The problem> Apart from the pictures, please restate every entry below exactly.

◇ ◇ ◇

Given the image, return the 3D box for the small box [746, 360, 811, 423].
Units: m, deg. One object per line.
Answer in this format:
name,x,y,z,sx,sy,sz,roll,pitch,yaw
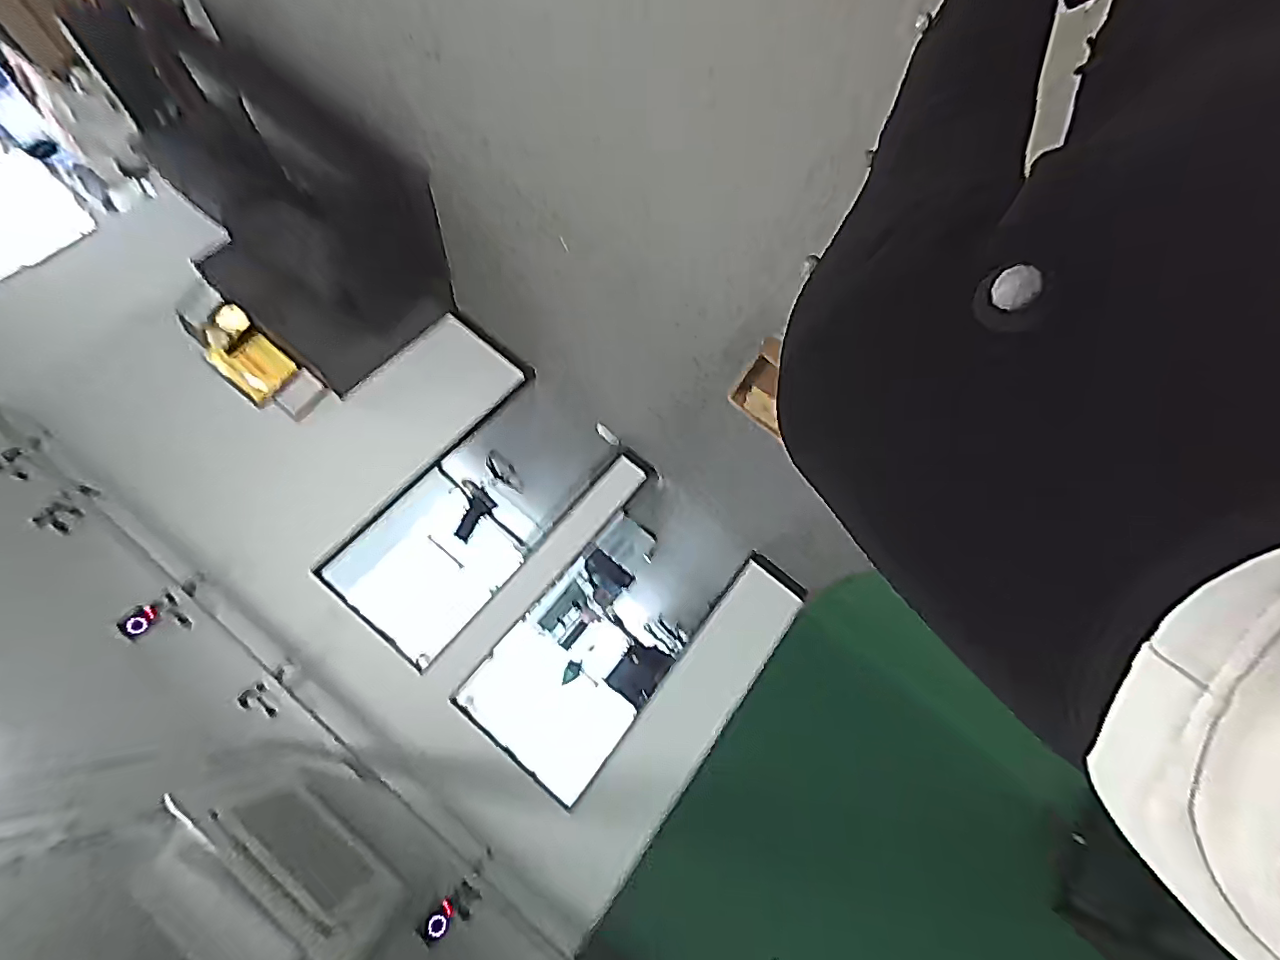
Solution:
small box,0.585,-0.382,2.285,0.179,0.176,0.168,37,158,9

◇ ◇ ◇

Answer space>
Given the image, return the 3D box for the small box [746, 360, 811, 423].
Units: m, deg. One object per line.
Answer in this format:
name,x,y,z,sx,sy,sz,roll,pitch,yaw
Solution:
small box,0.585,-0.382,2.285,0.179,0.176,0.168,37,158,9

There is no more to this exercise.